Visa applications centres closure plan raises fears of more potential terrorists getting jobs in the UK


The government plans to close down UK visa application outposts in more than 140 countries, increasing the risk of potential terrorists getting jobs in the UK, an insider has claimed.

Liam Clifford, director of immigration consultancy Global Visas, told Personnel Today that he was “extremely concerned” about the plans.

Clifford, a former Home Office immigration officer and a well-respected voice in the sector, said he was told in a closed meeting with government agency UKVisas that the posts would be phased out over the next five to 10 years.

This follows deals struck with two private companies – one based in India – to handle aspects of the visa application process.

“I was told by directors at UKVisas in a meeting in Paddington, London, in May that they were going to close most of the 150 consular posts – leaving just five or 10,” he said. “This is not in the public domain yet, but it is absolutely going to go through.”

But UKVisas has “categorically denied” the claim that any consular posts will be closed.

Its spokeswoman told Personnel Today: “There are no plans to reduce the number of posts down to five or 10 from 2008. The roll-out for our biometrics programme will not finish until 2008, and it will be impossible to work without them.”

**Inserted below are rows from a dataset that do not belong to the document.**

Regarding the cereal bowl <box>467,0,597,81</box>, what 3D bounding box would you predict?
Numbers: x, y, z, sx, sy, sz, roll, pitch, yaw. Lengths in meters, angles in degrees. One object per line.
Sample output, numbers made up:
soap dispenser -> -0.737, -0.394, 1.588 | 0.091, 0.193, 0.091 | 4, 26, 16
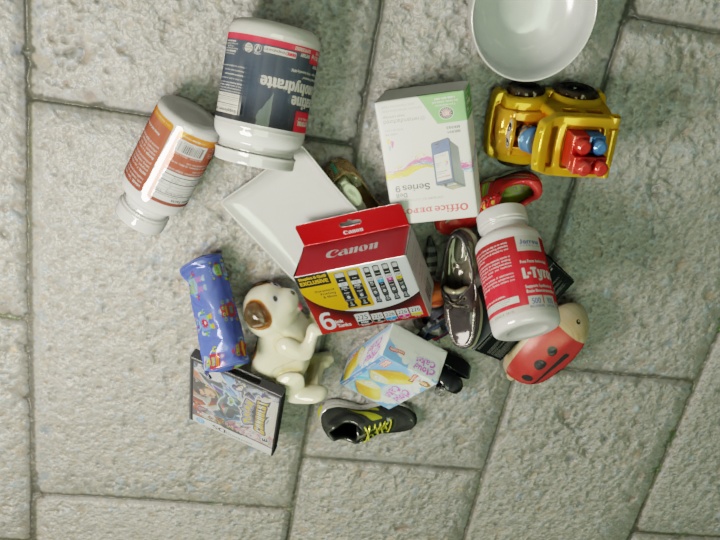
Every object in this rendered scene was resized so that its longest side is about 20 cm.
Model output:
cereal bowl -> 0.253, -0.397, 1.223 | 0.195, 0.084, 0.204 | -3, 118, -6

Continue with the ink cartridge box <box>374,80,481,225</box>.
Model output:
ink cartridge box -> 0.111, -0.185, 1.284 | 0.142, 0.088, 0.204 | -4, 113, 14

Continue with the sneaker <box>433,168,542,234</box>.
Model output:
sneaker -> 0.214, -0.116, 1.363 | 0.197, 0.085, 0.078 | -25, 109, 4

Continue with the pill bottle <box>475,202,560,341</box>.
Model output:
pill bottle -> 0.246, 0.001, 1.295 | 0.110, 0.204, 0.113 | -8, 160, -3

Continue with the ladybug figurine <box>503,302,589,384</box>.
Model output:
ladybug figurine -> 0.351, 0.146, 1.507 | 0.134, 0.073, 0.201 | 17, 123, -42

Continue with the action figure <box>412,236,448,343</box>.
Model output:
action figure -> 0.155, 0.041, 1.459 | 0.197, 0.104, 0.197 | -17, 130, -32

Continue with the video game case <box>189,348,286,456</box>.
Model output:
video game case -> -0.228, 0.243, 1.465 | 0.178, 0.026, 0.202 | 22, 137, 8

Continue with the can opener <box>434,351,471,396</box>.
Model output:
can opener -> 0.116, 0.180, 1.534 | 0.197, 0.080, 0.063 | 24, 152, -15

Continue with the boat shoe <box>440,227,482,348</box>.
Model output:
boat shoe -> 0.163, 0.032, 1.342 | 0.071, 0.064, 0.205 | 4, 97, 27

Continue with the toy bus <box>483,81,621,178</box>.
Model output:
toy bus -> 0.308, -0.205, 1.271 | 0.195, 0.193, 0.138 | 2, 120, -6

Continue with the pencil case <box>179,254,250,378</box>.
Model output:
pencil case -> -0.249, 0.076, 1.369 | 0.086, 0.077, 0.204 | -19, 84, 37

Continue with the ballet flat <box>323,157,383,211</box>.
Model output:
ballet flat -> 0.004, -0.099, 1.361 | 0.070, 0.066, 0.200 | -37, 117, 9

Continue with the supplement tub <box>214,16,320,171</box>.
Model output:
supplement tub -> -0.141, -0.259, 1.195 | 0.137, 0.140, 0.204 | 9, 101, -11

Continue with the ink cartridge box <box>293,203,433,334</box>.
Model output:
ink cartridge box -> 0.000, 0.000, 1.316 | 0.196, 0.085, 0.177 | -11, 127, 20

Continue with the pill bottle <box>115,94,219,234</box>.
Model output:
pill bottle -> -0.306, -0.162, 1.267 | 0.111, 0.113, 0.202 | 27, 112, -19

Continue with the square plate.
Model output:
square plate -> -0.102, -0.094, 1.341 | 0.198, 0.029, 0.198 | -30, 114, 32

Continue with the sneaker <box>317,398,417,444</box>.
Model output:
sneaker -> 0.015, 0.303, 1.563 | 0.195, 0.085, 0.076 | 1, 119, -7

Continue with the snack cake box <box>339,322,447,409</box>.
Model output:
snack cake box -> 0.055, 0.175, 1.445 | 0.114, 0.068, 0.200 | 29, 150, -11

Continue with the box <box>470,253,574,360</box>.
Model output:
box -> 0.267, 0.053, 1.419 | 0.201, 0.079, 0.141 | -49, 152, 10

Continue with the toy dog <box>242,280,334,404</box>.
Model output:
toy dog -> -0.144, 0.113, 1.433 | 0.190, 0.140, 0.203 | -3, 119, 18

UKVisas could confirm, however, that the government has signed contracts with two private employers, Hampshire-based CSC and Mumbai-based VFS, to act as visa application centres in a number of locations globally. The commercial partners will receive applications, take fees, and collect biometric data from applicants, and then forward this to the British Embassy or High Commission.

Clifford insisted the document checking currently handled by British government employees would be handed over to CSC and VFS, replacing the current system.

“It is going to get very messy,” he said. “I believe that by giving authority to commercial partners and taking government employees out of the picture, you are creating a huge security risk for the UK public.

“We are losing a line of defence in keeping terrorists out of the country. I am extremely concerned and I am certain this will unravel eventually. There will be a [security] incident.”

But the UKVisas spokeswoman said: “Commercial partners are only responsible for the ‘front office’ part of the visa operation, and will play no role in security checks or decision making.”